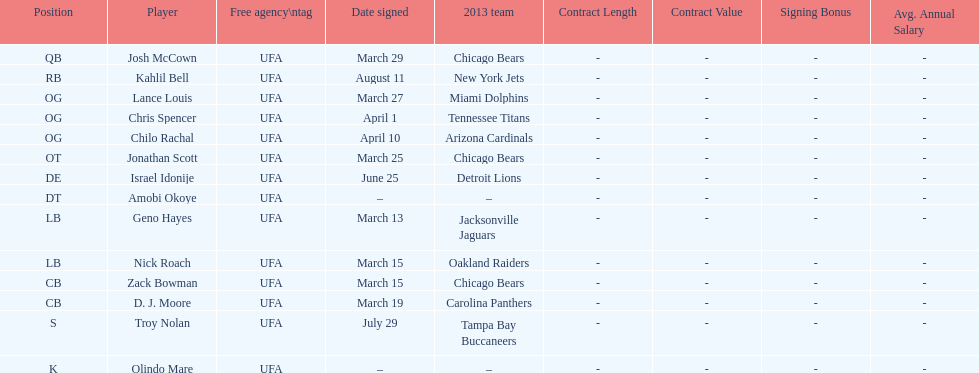Last name is also a first name beginning with "n" Troy Nolan. 
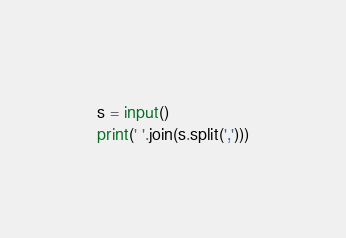<code> <loc_0><loc_0><loc_500><loc_500><_Python_>s = input()
print(' '.join(s.split(',')))</code> 
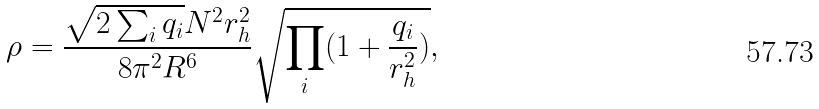<formula> <loc_0><loc_0><loc_500><loc_500>\rho = \frac { \sqrt { 2 \sum _ { i } q _ { i } } N ^ { 2 } r _ { h } ^ { 2 } } { 8 \pi ^ { 2 } R ^ { 6 } } \sqrt { \prod _ { i } ( 1 + \frac { q _ { i } } { r _ { h } ^ { 2 } } ) } ,</formula> 
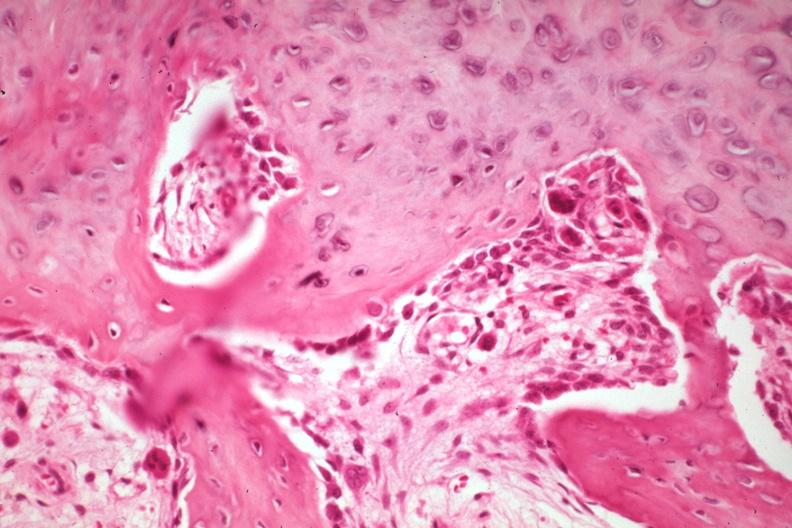s joints present?
Answer the question using a single word or phrase. Yes 
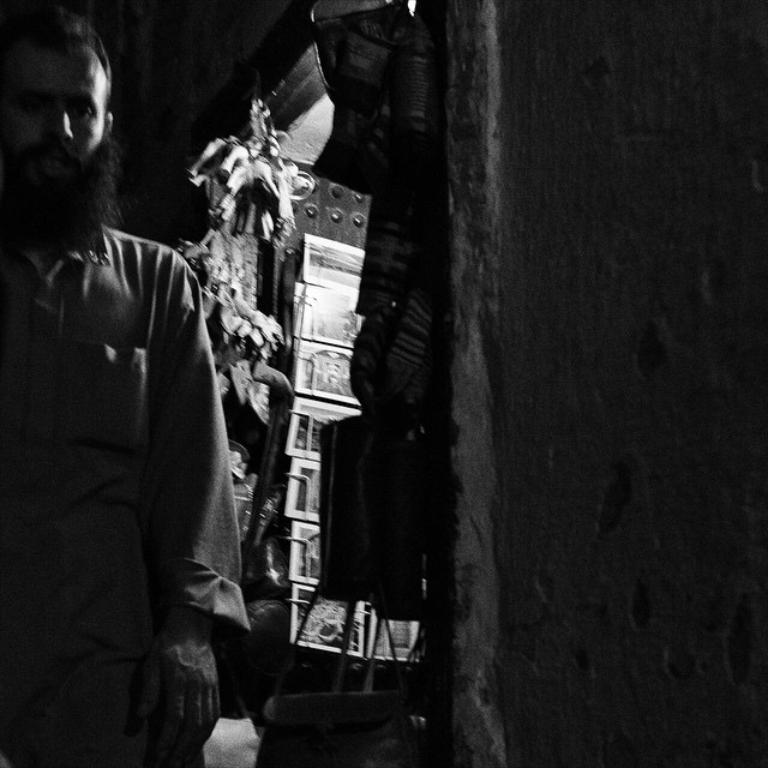In one or two sentences, can you explain what this image depicts? In this image there is a person truncated towards the left of the image, there are objects behind the person, there is a wall truncated towards the right of the image. 
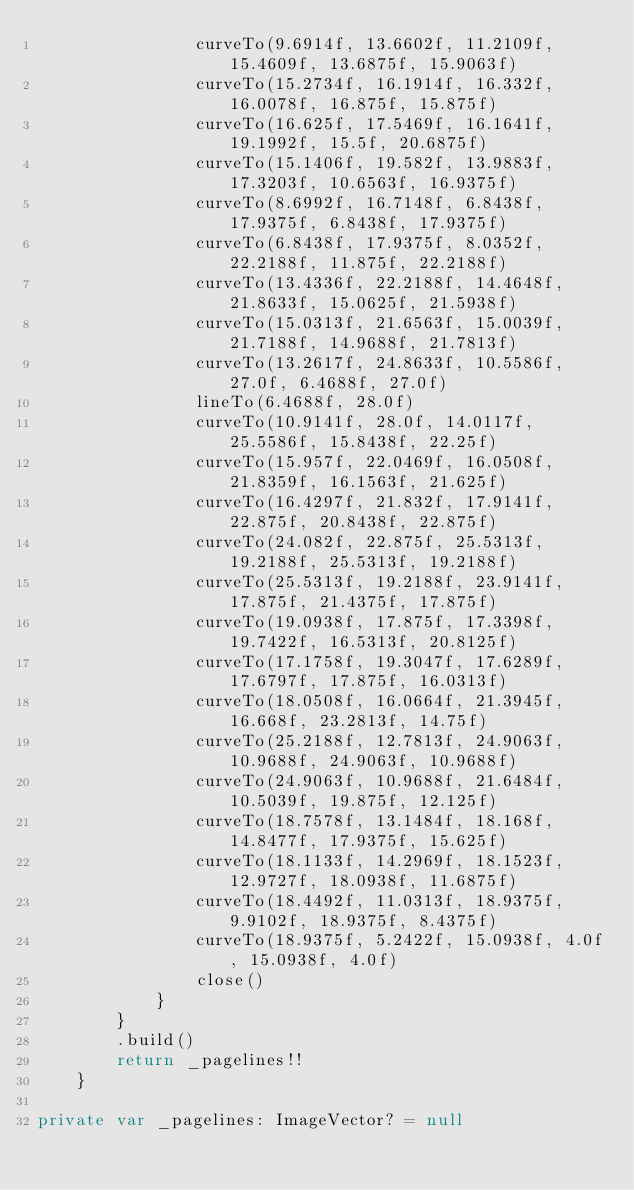<code> <loc_0><loc_0><loc_500><loc_500><_Kotlin_>                curveTo(9.6914f, 13.6602f, 11.2109f, 15.4609f, 13.6875f, 15.9063f)
                curveTo(15.2734f, 16.1914f, 16.332f, 16.0078f, 16.875f, 15.875f)
                curveTo(16.625f, 17.5469f, 16.1641f, 19.1992f, 15.5f, 20.6875f)
                curveTo(15.1406f, 19.582f, 13.9883f, 17.3203f, 10.6563f, 16.9375f)
                curveTo(8.6992f, 16.7148f, 6.8438f, 17.9375f, 6.8438f, 17.9375f)
                curveTo(6.8438f, 17.9375f, 8.0352f, 22.2188f, 11.875f, 22.2188f)
                curveTo(13.4336f, 22.2188f, 14.4648f, 21.8633f, 15.0625f, 21.5938f)
                curveTo(15.0313f, 21.6563f, 15.0039f, 21.7188f, 14.9688f, 21.7813f)
                curveTo(13.2617f, 24.8633f, 10.5586f, 27.0f, 6.4688f, 27.0f)
                lineTo(6.4688f, 28.0f)
                curveTo(10.9141f, 28.0f, 14.0117f, 25.5586f, 15.8438f, 22.25f)
                curveTo(15.957f, 22.0469f, 16.0508f, 21.8359f, 16.1563f, 21.625f)
                curveTo(16.4297f, 21.832f, 17.9141f, 22.875f, 20.8438f, 22.875f)
                curveTo(24.082f, 22.875f, 25.5313f, 19.2188f, 25.5313f, 19.2188f)
                curveTo(25.5313f, 19.2188f, 23.9141f, 17.875f, 21.4375f, 17.875f)
                curveTo(19.0938f, 17.875f, 17.3398f, 19.7422f, 16.5313f, 20.8125f)
                curveTo(17.1758f, 19.3047f, 17.6289f, 17.6797f, 17.875f, 16.0313f)
                curveTo(18.0508f, 16.0664f, 21.3945f, 16.668f, 23.2813f, 14.75f)
                curveTo(25.2188f, 12.7813f, 24.9063f, 10.9688f, 24.9063f, 10.9688f)
                curveTo(24.9063f, 10.9688f, 21.6484f, 10.5039f, 19.875f, 12.125f)
                curveTo(18.7578f, 13.1484f, 18.168f, 14.8477f, 17.9375f, 15.625f)
                curveTo(18.1133f, 14.2969f, 18.1523f, 12.9727f, 18.0938f, 11.6875f)
                curveTo(18.4492f, 11.0313f, 18.9375f, 9.9102f, 18.9375f, 8.4375f)
                curveTo(18.9375f, 5.2422f, 15.0938f, 4.0f, 15.0938f, 4.0f)
                close()
            }
        }
        .build()
        return _pagelines!!
    }

private var _pagelines: ImageVector? = null
</code>

> TASK TO COMPLETE
In your transcription of the listing above, match each line exactly and include no pictures.

> RESULT OF THE TASK
Last name is also a first name beginning with "n" Troy Nolan. 
<code> <loc_0><loc_0><loc_500><loc_500><_Python_>s = input()
print(' '.join(s.split(',')))</code> 
<formula> <loc_0><loc_0><loc_500><loc_500>\rho = \frac { \sqrt { 2 \sum _ { i } q _ { i } } N ^ { 2 } r _ { h } ^ { 2 } } { 8 \pi ^ { 2 } R ^ { 6 } } \sqrt { \prod _ { i } ( 1 + \frac { q _ { i } } { r _ { h } ^ { 2 } } ) } ,</formula> 
s joints present?
Answer the question using a single word or phrase. Yes 
In one or two sentences, can you explain what this image depicts? In this image there is a person truncated towards the left of the image, there are objects behind the person, there is a wall truncated towards the right of the image. 
<code> <loc_0><loc_0><loc_500><loc_500><_Kotlin_>                curveTo(9.6914f, 13.6602f, 11.2109f, 15.4609f, 13.6875f, 15.9063f)
                curveTo(15.2734f, 16.1914f, 16.332f, 16.0078f, 16.875f, 15.875f)
                curveTo(16.625f, 17.5469f, 16.1641f, 19.1992f, 15.5f, 20.6875f)
                curveTo(15.1406f, 19.582f, 13.9883f, 17.3203f, 10.6563f, 16.9375f)
                curveTo(8.6992f, 16.7148f, 6.8438f, 17.9375f, 6.8438f, 17.9375f)
                curveTo(6.8438f, 17.9375f, 8.0352f, 22.2188f, 11.875f, 22.2188f)
                curveTo(13.4336f, 22.2188f, 14.4648f, 21.8633f, 15.0625f, 21.5938f)
                curveTo(15.0313f, 21.6563f, 15.0039f, 21.7188f, 14.9688f, 21.7813f)
                curveTo(13.2617f, 24.8633f, 10.5586f, 27.0f, 6.4688f, 27.0f)
                lineTo(6.4688f, 28.0f)
                curveTo(10.9141f, 28.0f, 14.0117f, 25.5586f, 15.8438f, 22.25f)
                curveTo(15.957f, 22.0469f, 16.0508f, 21.8359f, 16.1563f, 21.625f)
                curveTo(16.4297f, 21.832f, 17.9141f, 22.875f, 20.8438f, 22.875f)
                curveTo(24.082f, 22.875f, 25.5313f, 19.2188f, 25.5313f, 19.2188f)
                curveTo(25.5313f, 19.2188f, 23.9141f, 17.875f, 21.4375f, 17.875f)
                curveTo(19.0938f, 17.875f, 17.3398f, 19.7422f, 16.5313f, 20.8125f)
                curveTo(17.1758f, 19.3047f, 17.6289f, 17.6797f, 17.875f, 16.0313f)
                curveTo(18.0508f, 16.0664f, 21.3945f, 16.668f, 23.2813f, 14.75f)
                curveTo(25.2188f, 12.7813f, 24.9063f, 10.9688f, 24.9063f, 10.9688f)
                curveTo(24.9063f, 10.9688f, 21.6484f, 10.5039f, 19.875f, 12.125f)
                curveTo(18.7578f, 13.1484f, 18.168f, 14.8477f, 17.9375f, 15.625f)
                curveTo(18.1133f, 14.2969f, 18.1523f, 12.9727f, 18.0938f, 11.6875f)
                curveTo(18.4492f, 11.0313f, 18.9375f, 9.9102f, 18.9375f, 8.4375f)
                curveTo(18.9375f, 5.2422f, 15.0938f, 4.0f, 15.0938f, 4.0f)
                close()
            }
        }
        .build()
        return _pagelines!!
    }

private var _pagelines: ImageVector? = null
</code>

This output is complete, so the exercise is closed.